I have discovered that this whole moving palaver merely heightens my consciousness of the whole ageing process and, how close to the end of the process I have already slipped. Physically, the body begins to fail, eyesight fades, hearing becomes less acute, the voice becomes progressively weaker (my wife has hardly heard a word I have said for years) and the stubborn intransigence of dodgy knees ensures that I couldn’t relive past glories even if I wanted to. Mentally too, one begins to change. I don’t mean in acuity – although, sadly, that is the case for many – I mean in patience and opinion: an old person cannot possibly have the same viewpoint as a young one. If you can, look back on what you wrote as a teen – I have an unrivalled selection of rejected material to review – and you have to admit that you would not – probably could not – write it now. We, the aged, see the world differently to those who have never had to walk to school through six feet of snow or do a paper-round that spread over three continents. As we get older, the world becomes ever-smaller.

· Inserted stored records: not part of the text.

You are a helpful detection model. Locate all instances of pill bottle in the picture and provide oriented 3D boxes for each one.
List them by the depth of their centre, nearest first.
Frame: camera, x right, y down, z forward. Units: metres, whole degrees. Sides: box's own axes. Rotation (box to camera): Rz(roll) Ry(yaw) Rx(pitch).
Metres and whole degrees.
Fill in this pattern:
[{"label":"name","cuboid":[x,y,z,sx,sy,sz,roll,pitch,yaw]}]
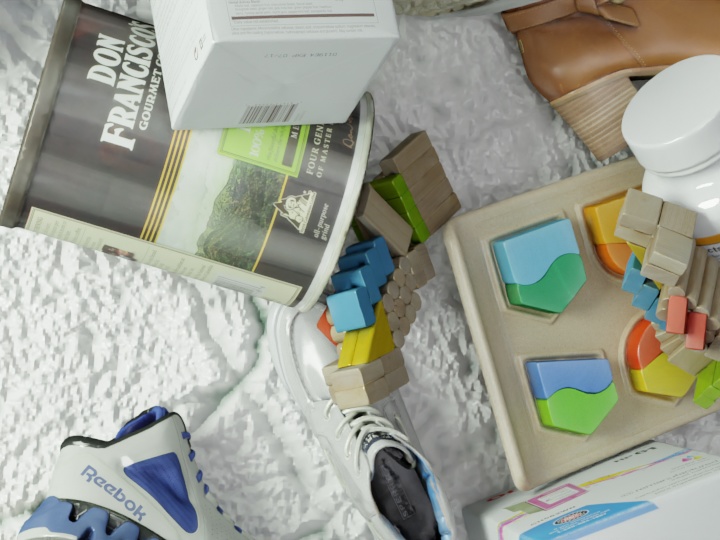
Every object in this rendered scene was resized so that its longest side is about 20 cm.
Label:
[{"label":"pill bottle","cuboid":[0.253,-0.041,1.200,0.111,0.111,0.200,-44,120,-7]}]

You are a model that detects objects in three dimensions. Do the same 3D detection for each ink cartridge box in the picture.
[{"label":"ink cartridge box","cuboid":[0.161,0.175,1.177,0.144,0.200,0.085,-19,92,-10]}]

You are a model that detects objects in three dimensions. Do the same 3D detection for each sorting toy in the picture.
[{"label":"sorting toy","cuboid":[0.161,0.029,1.224,0.199,0.036,0.186,-19,96,-27]}]

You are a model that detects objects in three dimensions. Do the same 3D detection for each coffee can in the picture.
[{"label":"coffee can","cuboid":[-0.108,-0.071,1.142,0.199,0.146,0.147,16,89,-12]}]

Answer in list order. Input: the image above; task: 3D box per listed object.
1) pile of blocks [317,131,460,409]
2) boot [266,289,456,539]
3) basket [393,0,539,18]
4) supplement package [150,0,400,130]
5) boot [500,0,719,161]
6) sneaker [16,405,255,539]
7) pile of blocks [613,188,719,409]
[{"label":"pile of blocks","cuboid":[0.000,0.000,1.172,0.082,0.062,0.201,46,46,-34]},{"label":"boot","cuboid":[0.007,0.100,1.195,0.073,0.096,0.201,-31,97,-9]},{"label":"basket","cuboid":[0.039,-0.227,1.133,0.123,0.200,0.137,-6,93,-16]},{"label":"supplement package","cuboid":[-0.061,-0.196,1.065,0.113,0.110,0.201,-3,69,-20]},{"label":"boot","cuboid":[0.193,-0.188,1.236,0.200,0.074,0.155,-35,94,-11]},{"label":"sneaker","cuboid":[-0.116,0.152,1.173,0.199,0.080,0.116,26,57,-30]},{"label":"pile of blocks","cuboid":[0.211,0.039,1.171,0.200,0.082,0.062,47,43,-27]}]
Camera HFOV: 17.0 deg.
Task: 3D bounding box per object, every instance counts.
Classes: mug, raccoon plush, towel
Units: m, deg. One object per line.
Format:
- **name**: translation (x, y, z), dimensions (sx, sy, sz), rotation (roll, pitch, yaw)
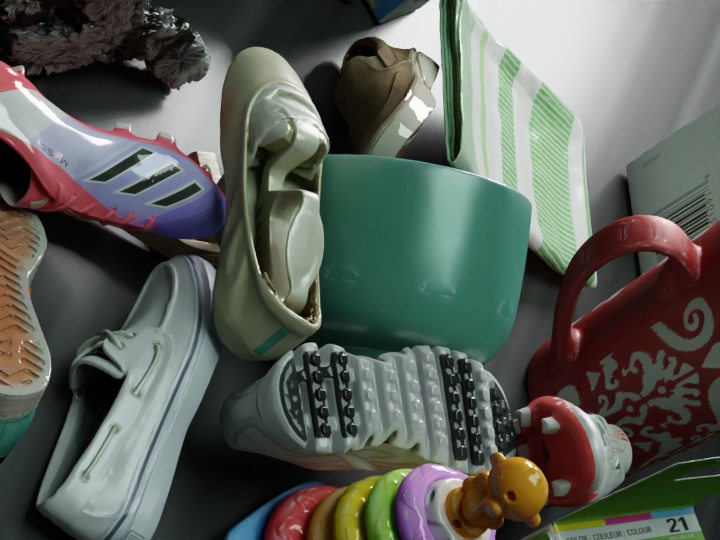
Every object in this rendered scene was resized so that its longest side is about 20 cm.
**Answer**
- **mug**: translation (0.204, 0.037, 1.601), dimensions (0.178, 0.200, 0.133), rotation (51, 39, -6)
- **raccoon plush**: translation (-0.184, -0.186, 1.467), dimensions (0.134, 0.096, 0.200), rotation (61, 7, 27)
- **mug**: translation (0.007, 0.003, 1.469), dimensions (0.152, 0.184, 0.115), rotation (48, 50, -75)
- **towel**: translation (0.111, -0.090, 1.685), dimensions (0.200, 0.023, 0.153), rotation (43, 38, -47)

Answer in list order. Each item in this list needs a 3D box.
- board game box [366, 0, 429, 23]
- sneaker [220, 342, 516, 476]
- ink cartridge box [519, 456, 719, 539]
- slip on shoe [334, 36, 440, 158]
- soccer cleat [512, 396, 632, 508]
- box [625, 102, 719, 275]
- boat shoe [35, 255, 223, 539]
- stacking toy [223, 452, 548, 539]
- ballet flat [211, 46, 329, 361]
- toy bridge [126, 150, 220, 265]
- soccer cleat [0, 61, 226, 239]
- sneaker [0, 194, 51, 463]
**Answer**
- **board game box**: translation (0.027, -0.299, 1.686), dimensions (0.064, 0.147, 0.201), rotation (-27, 85, -54)
- **sneaker**: translation (0.007, 0.085, 1.395), dimensions (0.199, 0.081, 0.076), rotation (12, 65, -39)
- **ink cartridge box**: translation (0.172, 0.181, 1.468), dimensions (0.147, 0.200, 0.076), rotation (-1, 65, -46)
- **slip on shoe**: translation (0.010, -0.109, 1.569), dimensions (0.060, 0.076, 0.200), rotation (32, 22, -5)
- **soccer cleat**: translation (0.132, 0.113, 1.485), dimensions (0.085, 0.200, 0.069), rotation (-9, 80, -11)
- **box**: translation (0.314, -0.020, 1.757), dimensions (0.130, 0.200, 0.200), rotation (21, 50, -35)
- **boat shoe**: translation (-0.127, 0.062, 1.334), dimensions (0.067, 0.073, 0.201), rotation (34, 44, -26)
- **stacking toy**: translation (0.031, 0.148, 1.341), dimensions (0.110, 0.200, 0.117), rotation (-27, 85, -51)
- **ballet flat**: translation (-0.044, -0.046, 1.365), dimensions (0.069, 0.069, 0.201), rotation (20, 59, -37)
- **toy bridge**: translation (-0.095, -0.038, 1.474), dimensions (0.199, 0.027, 0.068), rotation (4, 64, -45)
- **soccer cleat**: translation (-0.160, -0.053, 1.344), dimensions (0.199, 0.067, 0.077), rotation (30, 50, -32)
- **sneaker**: translation (-0.209, 0.029, 1.284), dimensions (0.071, 0.080, 0.201), rotation (16, 32, -21)
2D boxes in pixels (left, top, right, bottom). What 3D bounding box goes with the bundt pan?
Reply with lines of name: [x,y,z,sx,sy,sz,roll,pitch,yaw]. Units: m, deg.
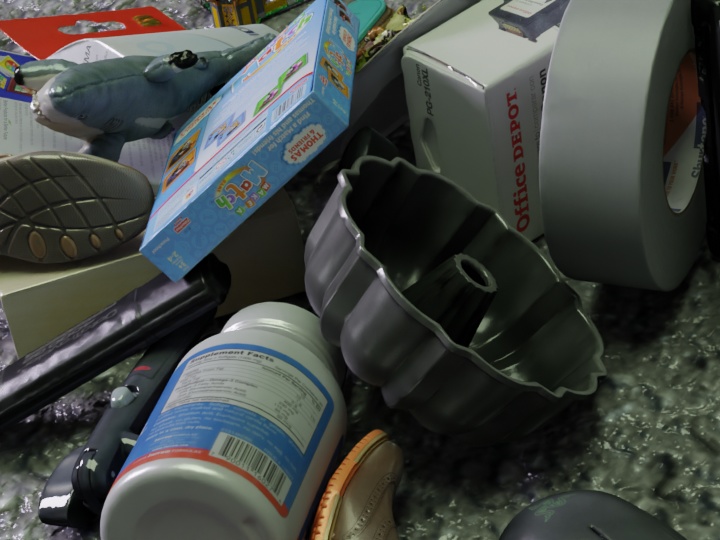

I am made doubly aware of this because we are moving into a bungalow – the last bastion of independence before the care home and eating dinner with a plastic spoon and a bib. Walking slowly down a corridor to the bathroom does not easily equate to a cumulative twenty flights of stairs a day. I fear that we may be driving ourselves into old age, but at the speed things are currently progressing, at least, it is very likely that we will reach dotage before uni-level living.
The couple moving into our house are much younger than us – although nothing like as young as we were when we moved here, brimful of the kind of hope that masks all concern – and the people we are buying from are much older. I guess they would have been about our age when they moved in there. I wonder if they ever believed they would move again? I wonder if they’re currently worried about the toilet not flushing or the conservatory fan falling off the roof. Because I’ve checked, and they’re both on the list…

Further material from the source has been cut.